EXERCISE REQUIREMENTS: Without any of the pictures, print every record below exactly.

SOURCE DATA:

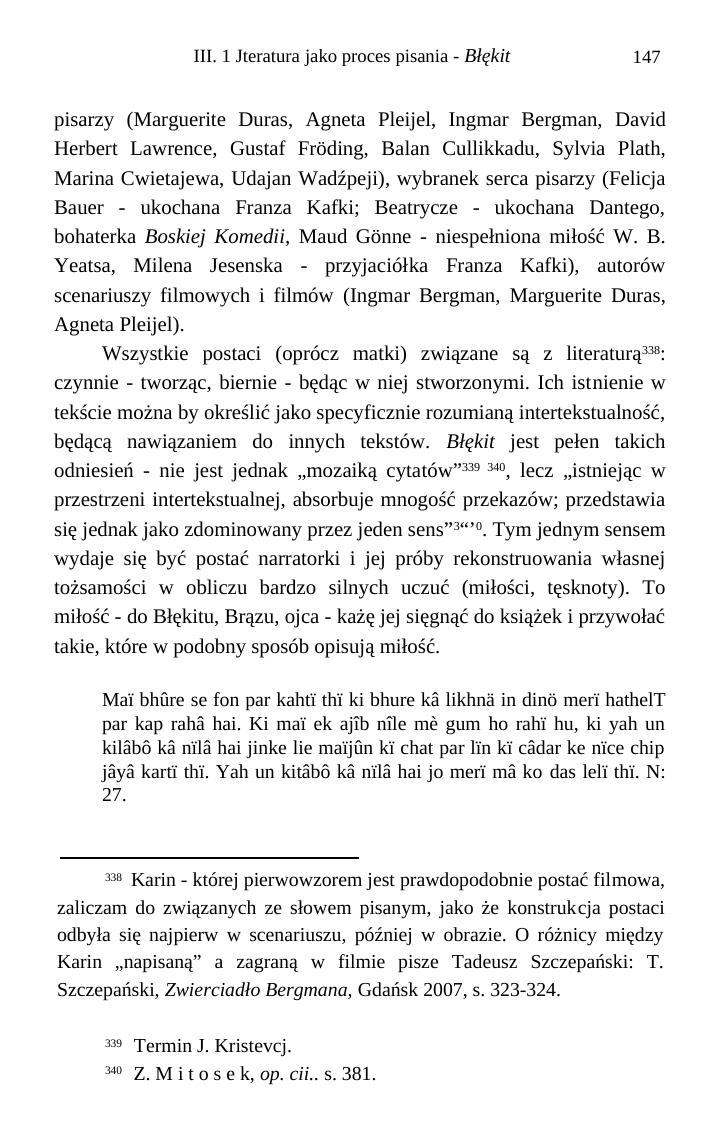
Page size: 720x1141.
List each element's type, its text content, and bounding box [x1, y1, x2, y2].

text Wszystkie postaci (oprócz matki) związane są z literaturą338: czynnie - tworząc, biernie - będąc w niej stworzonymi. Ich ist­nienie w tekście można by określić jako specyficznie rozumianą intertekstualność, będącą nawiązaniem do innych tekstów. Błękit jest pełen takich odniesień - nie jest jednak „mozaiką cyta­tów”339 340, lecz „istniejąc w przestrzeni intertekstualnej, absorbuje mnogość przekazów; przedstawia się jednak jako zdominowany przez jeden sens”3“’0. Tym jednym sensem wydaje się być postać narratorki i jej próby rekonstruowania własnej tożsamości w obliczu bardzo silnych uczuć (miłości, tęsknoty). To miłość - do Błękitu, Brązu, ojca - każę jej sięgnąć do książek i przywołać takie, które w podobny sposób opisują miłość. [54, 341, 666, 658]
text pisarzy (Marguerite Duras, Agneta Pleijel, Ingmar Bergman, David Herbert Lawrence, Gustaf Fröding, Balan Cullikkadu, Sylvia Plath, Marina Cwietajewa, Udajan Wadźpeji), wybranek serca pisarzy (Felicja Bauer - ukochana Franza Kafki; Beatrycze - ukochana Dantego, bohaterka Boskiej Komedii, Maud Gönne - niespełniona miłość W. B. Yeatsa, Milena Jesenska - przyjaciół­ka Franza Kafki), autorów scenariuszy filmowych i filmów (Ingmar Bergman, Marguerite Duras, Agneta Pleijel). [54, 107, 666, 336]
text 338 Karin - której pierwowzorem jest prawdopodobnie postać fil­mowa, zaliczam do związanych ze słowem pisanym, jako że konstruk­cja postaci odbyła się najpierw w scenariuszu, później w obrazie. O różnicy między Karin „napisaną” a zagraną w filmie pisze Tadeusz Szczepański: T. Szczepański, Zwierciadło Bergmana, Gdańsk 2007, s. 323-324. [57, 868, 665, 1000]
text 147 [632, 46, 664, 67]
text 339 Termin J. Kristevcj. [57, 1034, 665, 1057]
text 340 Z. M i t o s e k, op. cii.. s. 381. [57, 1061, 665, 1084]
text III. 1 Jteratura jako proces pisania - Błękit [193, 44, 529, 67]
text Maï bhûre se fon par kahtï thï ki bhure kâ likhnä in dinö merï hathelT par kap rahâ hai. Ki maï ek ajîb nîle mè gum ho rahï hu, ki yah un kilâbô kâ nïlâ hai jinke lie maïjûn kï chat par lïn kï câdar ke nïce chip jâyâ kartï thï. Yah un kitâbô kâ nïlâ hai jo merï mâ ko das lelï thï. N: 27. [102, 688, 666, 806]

OUTPUT OF THE TASK:
Page size: 720x1141.
List each element's type, its text content, and bounding box [x1, y1, x2, y2].

text Wszystkie postaci (oprócz matki) związane są z literaturą338: czynnie - tworząc, biernie - będąc w niej stworzonymi. Ich ist­nienie w tekście można by określić jako specyficznie rozumianą intertekstualność, będącą nawiązaniem do innych tekstów. Błękit jest pełen takich odniesień - nie jest jednak „mozaiką cyta­tów”339 340, lecz „istniejąc w przestrzeni intertekstualnej, absorbuje mnogość przekazów; przedstawia się jednak jako zdominowany przez jeden sens”3“’0. Tym jednym sensem wydaje się być postać narratorki i jej próby rekonstruowania własnej tożsamości w obliczu bardzo silnych uczuć (miłości, tęsknoty). To miłość - do Błękitu, Brązu, ojca - każę jej sięgnąć do książek i przywołać takie, które w podobny sposób opisują miłość. [54, 341, 666, 658]
text pisarzy (Marguerite Duras, Agneta Pleijel, Ingmar Bergman, David Herbert Lawrence, Gustaf Fröding, Balan Cullikkadu, Sylvia Plath, Marina Cwietajewa, Udajan Wadźpeji), wybranek serca pisarzy (Felicja Bauer - ukochana Franza Kafki; Beatrycze - ukochana Dantego, bohaterka Boskiej Komedii, Maud Gönne - niespełniona miłość W. B. Yeatsa, Milena Jesenska - przyjaciół­ka Franza Kafki), autorów scenariuszy filmowych i filmów (Ingmar Bergman, Marguerite Duras, Agneta Pleijel). [54, 107, 666, 336]
text 338 Karin - której pierwowzorem jest prawdopodobnie postać fil­mowa, zaliczam do związanych ze słowem pisanym, jako że konstruk­cja postaci odbyła się najpierw w scenariuszu, później w obrazie. O różnicy między Karin „napisaną” a zagraną w filmie pisze Tadeusz Szczepański: T. Szczepański, Zwierciadło Bergmana, Gdańsk 2007, s. 323-324. [57, 868, 665, 1000]
text 147 [632, 46, 664, 67]
text 339 Termin J. Kristevcj. [57, 1034, 665, 1057]
text 340 Z. M i t o s e k, op. cii.. s. 381. [57, 1061, 665, 1084]
text III. 1 Jteratura jako proces pisania - Błękit [193, 44, 529, 67]
text Maï bhûre se fon par kahtï thï ki bhure kâ likhnä in dinö merï hathelT par kap rahâ hai. Ki maï ek ajîb nîle mè gum ho rahï hu, ki yah un kilâbô kâ nïlâ hai jinke lie maïjûn kï chat par lïn kï câdar ke nïce chip jâyâ kartï thï. Yah un kitâbô kâ nïlâ hai jo merï mâ ko das lelï thï. N: 27. [102, 688, 666, 806]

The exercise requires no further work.